RESEARCH: Synergistic Communication: A Collaborative Discovery with Female Coaches

Synergistic Communication: A Collaborative Discovery with Female Coaches

This story begins with an action research intervention study, which involved working alongside two female coaches of a female interuniversity sport team for an entire year. The goal of the intervention was to teach the coaches communication skills that would improve the personal and performance development of the players and themselves.

What emerged from this study has the potential to positively and dramatically influence coach education and development. The findings revealed how coaches’ roles, or what we call their ‘way of being’, are dramatically influenced by particular discourses that are normalized in sport culture. Their ‘way of being’ and these powerful discourses strongly affect coach behaviour and were challenged by the competing discourses introduced through the intervention.

In this research, a model of synergistic coaching was implemented.

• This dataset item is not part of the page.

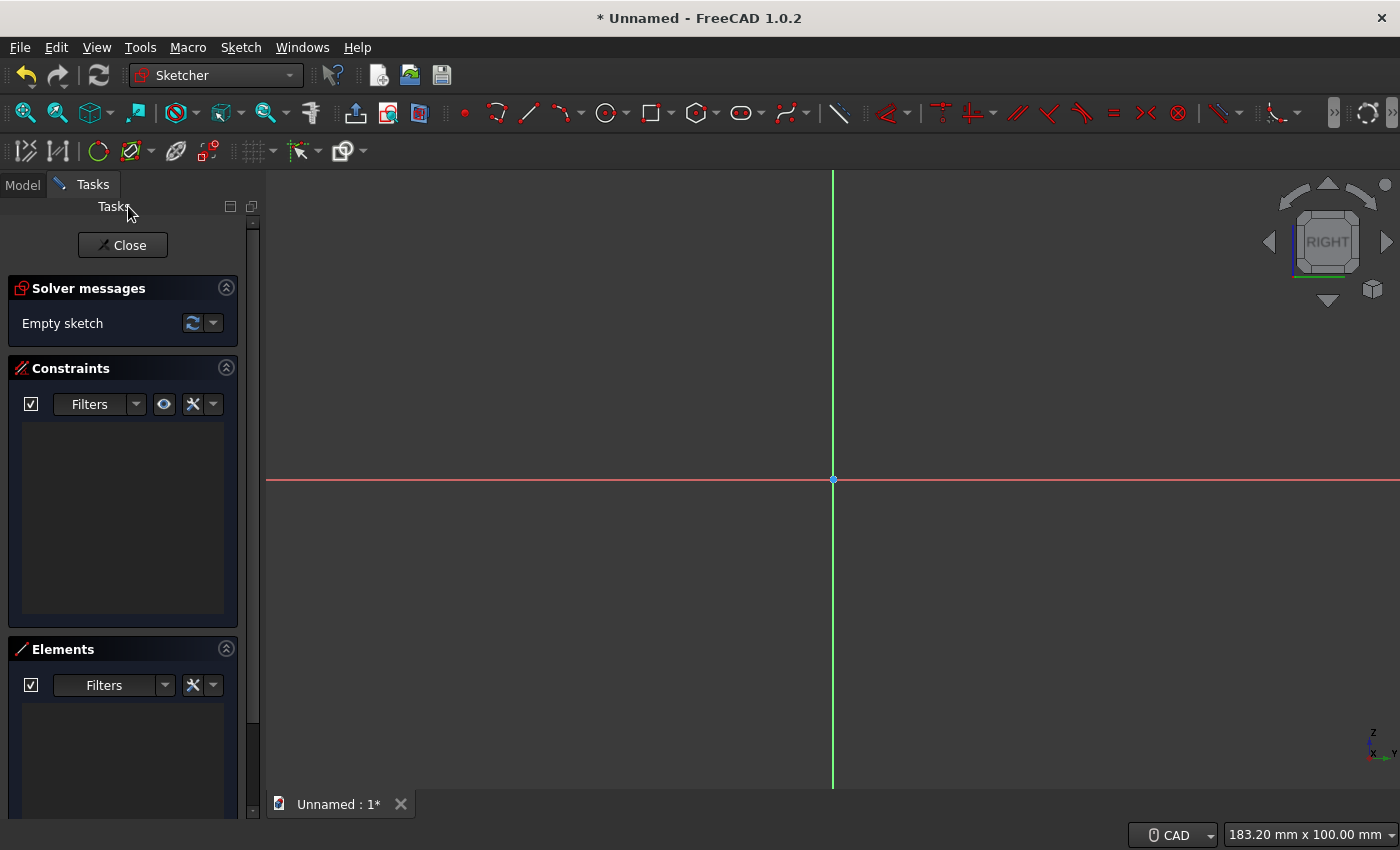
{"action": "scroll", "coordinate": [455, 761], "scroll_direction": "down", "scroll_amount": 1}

Synergistic coaching evolved from a solution-focused coaching model, which has its origins in humanistic psychology and uses language to enhance self-awareness, self-perception, positive emotions, autonomy, agency*, and goal striving. Most noteworthy perhaps is the fundamental principle of solution-focused coaching: the coach leads from behind.

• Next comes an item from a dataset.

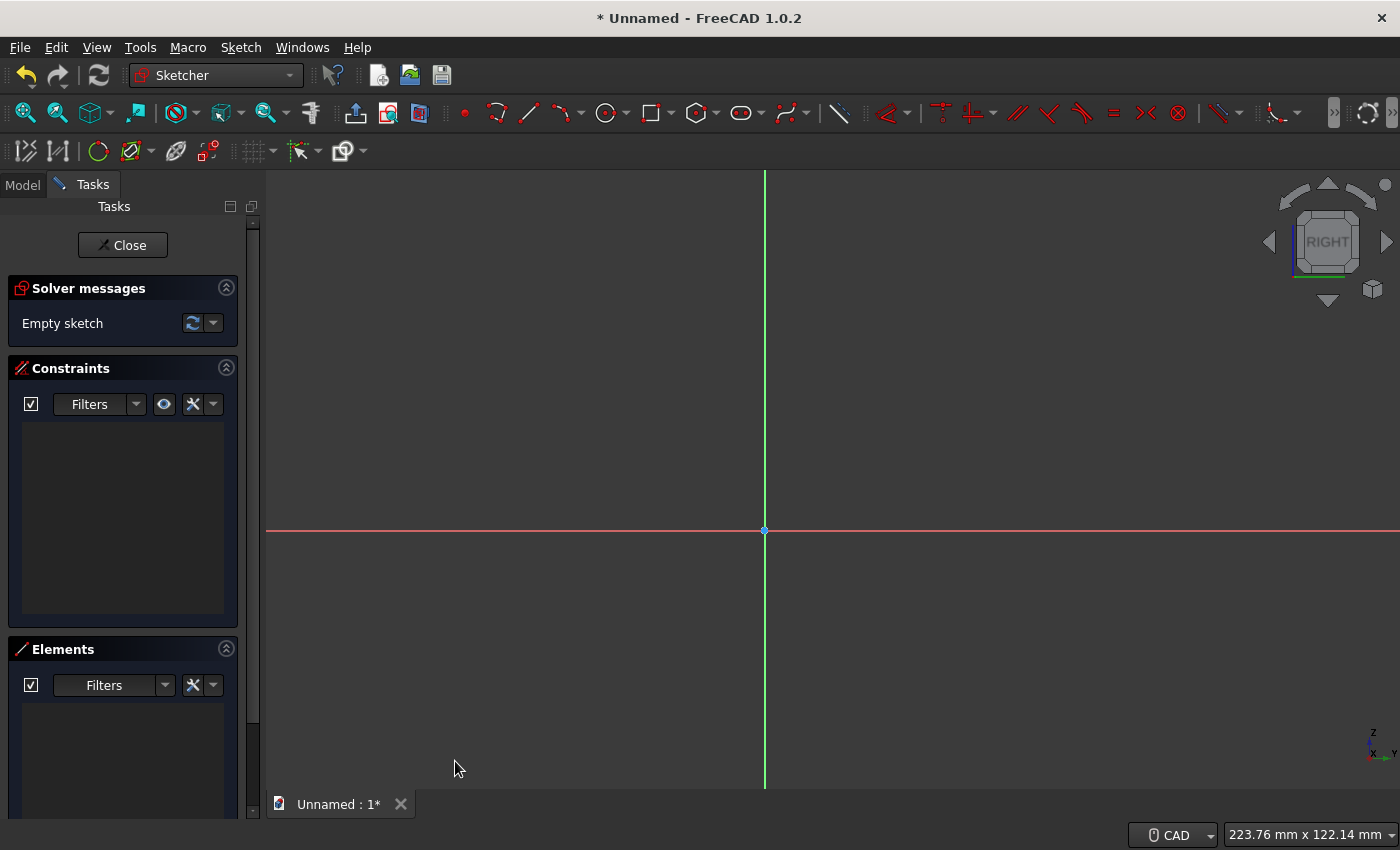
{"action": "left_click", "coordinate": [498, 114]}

This principle turns upside down our current model where the coach is the expert and athletes are docile. Instead, coaches lead with questions and approach problems or challenges with curiosity and, significantly, they believe that athletes have the innate wisdom, experience, strengths, and resources to solve their own problems.

Essentially, a synergistic coach aims to discover and uncover the athletes’ wholeness since it is every human being’s purpose to become their whole best self. A synergistic coach must learn to nurture, respect, and strengthen that wholeness. One way involves complimenting – a fundamental solution-focused practice.

Every day, athletes need to hear or learn something that is true about them, something the coach appreciated about them. If they failed, they need to know how much their effort was recognized; if they made mistakes, they need to know their risk- taking was appreciated. A synergistic coach recognizes that there is no such thing as a problem that is such one hundred percent of the time. There are always exceptions and coaches ask questions at those times because such questions improve coping, resilience, and critical thinking.

Synergistic coaches ensure that their athletes know they are already enough as human beings. Their athletes’ self-worth is not contingent on approval or wins. When athletes’ wholeness is facilitated, they perform from a deep, safe place of self-efficacy and agency. When diminished, they function below a level of wholeness that can incite fear, anxiety, depression, and alienation.

Dr. Daniel Siegel calls this a no-brain statewhere our nervous system puts us into a reactive frame of mind that prevents us from processing information effectively, which in turn prevents us from being able to follow directions and make good decisions. Synergistic coaches are aware of their power with regard to the hidden wholeness of their athletes and create the conditions that enable the athletes to make their own discoveries. Through the art of question asking, key words, and solution-focused talk, synergistic communication helps coaches to develop the eyes to see and the ears to hear through an approach known as E.A.R.S.: elicit, amplify and reinforcestrengths and resources.